### Records
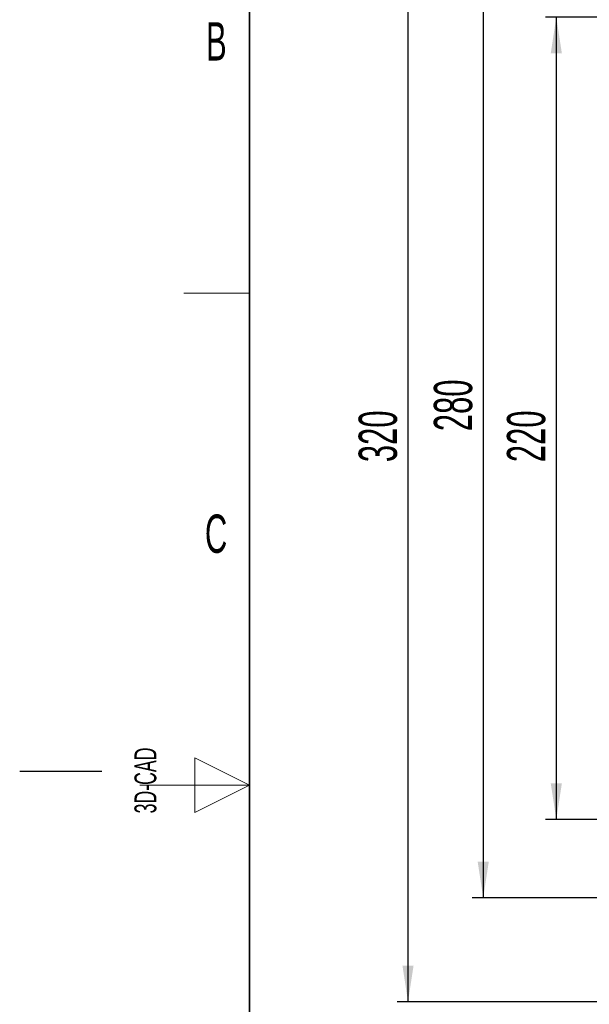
# Model space of a CAD drawing. Header units: millimetres. Extents: x 5 to 418, y 2 to 292.
# Tile 5 of 20: x 5 to 57, y 127 to 217. Entities that reach past the tile are written whole.
import ezdxf

# ---------------------------------------------------------------- set-up
doc = ezdxf.new("R2010")
doc.units = ezdxf.units.MM
doc.layers.add('SLD-0', color=7, linetype='Continuous')
doc.styles.add('SLDTEXTSTYLE0', font='TXT', dxfattribs={"width": 0.605})
doc.dimstyles.new('SLDDIMSTYLE0', dxfattribs={"dimtxt": 3.5, "dimasz": 3.302, "dimexe": 0, "dimexo": 0.0625, "dimgap": 0.875, "dimtad": 1, "dimlfac": 3, "dimrnd": 1e-09, "dimzin": 12, "dimdsep": 46, "dimtxsty": 'SLDTEXTSTYLE0', "dimsah": 1, "dimcen": 0.09, "dimadec": 0, "dimazin": 3, "dimtfac": 1, "dimtofl": 0, "dimtmove": 0, "dimatfit": 3, "dimfxl": 1, "dimfrac": 2, "dimtolj": 1, "dimtzin": 12, "dimarcsym": 0})

# ---------------------------------------------------------------- blocks, each defined once
blk = doc.blocks.new('_D_4')
at = {"layer": 'SLD-0', "color": 7}
for p, q in [((57.931, 217.464), (53.068, 217.464)), ((54.068, 217.464), (54.068, 144.13)), ((57.931, 144.13), (53.068, 144.13))]:
    blk.add_line(p, q, dxfattribs=at)
for points in [[(54.068, 217.464), (53.56, 214.162), (54.576, 214.162)], [(54.068, 144.13), (54.576, 147.432), (53.56, 147.432)]]:
    blk.add_solid(points, dxfattribs=at)
at = {"layer": 'SLD-0', "color": 7, "insert": (49.557, 176.787), "char_height": 3.5, "attachment_point": 1, "rotation": 90, "style": 'SLDTEXTSTYLE0'}
blk.add_mtext('220', dxfattribs=at)
blk = doc.blocks.new('_D_5')
at = {"layer": 'SLD-0', "color": 7}
for p, q in [((58.931, 230.297), (46.385, 230.297)), ((47.385, 230.297), (47.385, 136.964)), ((58.931, 136.964), (46.385, 136.964))]:
    blk.add_line(p, q, dxfattribs=at)
for points in [[(47.385, 230.297), (46.877, 226.995), (47.893, 226.995)], [(47.385, 136.964), (47.893, 140.266), (46.877, 140.266)]]:
    blk.add_solid(points, dxfattribs=at)
at = {"layer": 'SLD-0', "color": 7, "insert": (42.873, 179.62), "char_height": 3.5, "attachment_point": 1, "rotation": 90, "style": 'SLDTEXTSTYLE0'}
blk.add_mtext('280', dxfattribs=at)
blk = doc.blocks.new('_D_7')
at = {"layer": 'SLD-0', "color": 7}
for p, q in [((73.265, 234.13), (39.508, 234.13)), ((40.508, 127.464), (40.508, 234.13)), ((73.136, 127.464), (39.508, 127.464))]:
    blk.add_line(p, q, dxfattribs=at)
for points in [[(40.508, 234.13), (40, 230.828), (41.016, 230.828)], [(40.508, 127.464), (41.016, 130.766), (40, 130.766)]]:
    blk.add_solid(points, dxfattribs=at)
at = {"layer": 'SLD-0', "color": 7, "insert": (35.996, 176.787), "char_height": 3.5, "attachment_point": 1, "rotation": 90, "style": 'SLDTEXTSTYLE0'}
blk.add_mtext('320', dxfattribs=at)

msp = doc.modelspace()

# ---------------------------------------------------------------- linework, layer by layer
at = {"layer": 'SLD-0', "lineweight": 35}
msp.add_line((26, 282.5), (26, 12), dxfattribs=at)
at = {"layer": 'SLD-0', "lineweight": 18}
for p, q in [((20, 192.25), (26, 192.25)), ((26, 147.25), (21, 149.75)), ((21, 149.75), (21, 144.75)), ((16, 147.25), (26, 147.25)), ((21, 144.75), (26, 147.25))]:
    msp.add_line(p, q, dxfattribs=at)
at = {"layer": 'SLD-0'}
msp.add_line((12.5, 148.5), (5, 148.5), dxfattribs=at)

# ---------------------------------------------------------------- texts
at = {"layer": 'SLD-0', "char_height": 3.5, "attachment_point": 2, "style": 'SLDTEXTSTYLE0'}
for s, insert in [('B', (22.9816, 217.0011)), ('C', (22.9597, 172.0011))]:
    msp.add_mtext(s, dxfattribs=dict(at, insert=insert))
at = {"layer": 'SLD-0', "insert": (15.4939, 144.6806), "char_height": 2, "attachment_point": 1, "rotation": 90, "style": 'SLDTEXTSTYLE0'}
msp.add_mtext('3D-CAD', dxfattribs=at)

# ---------------------------------------------------------------- dimensions: what is measured, and where the dimension line sits
at = {"layer": 'SLD-0', "color": 7}
for base, p1, p2, picture, middle in [((40.5075, 234.1305), (74.1357, 127.4638), (74.2646, 234.1305), '_D_7', (40.5075, 180.7972)), ((47.3851, 136.9638), (59.9313, 230.2972), (59.9313, 136.9638), '_D_5', (47.3851, 183.6305)), ((54.0684, 144.1305), (58.9313, 217.4638), (58.9313, 144.1305), '_D_4', (54.0684, 180.7972))]:
    dim = msp.add_linear_dim(base=base, p1=p1, p2=p2, angle=90, dimstyle='SLDDIMSTYLE0', dxfattribs=at)
    dim.commit()
    dim.dimension.update_dxf_attribs({"geometry": picture, "text_midpoint": middle, "dimtype": 160})

doc.saveas('drawing.dxf')

### What needs to be done
Lines of the material in which the word "ezdxf" occurs are to be copied out.

### Solution for this exercise
import ezdxf
doc = ezdxf.new("R2010")
doc.units = ezdxf.units.MM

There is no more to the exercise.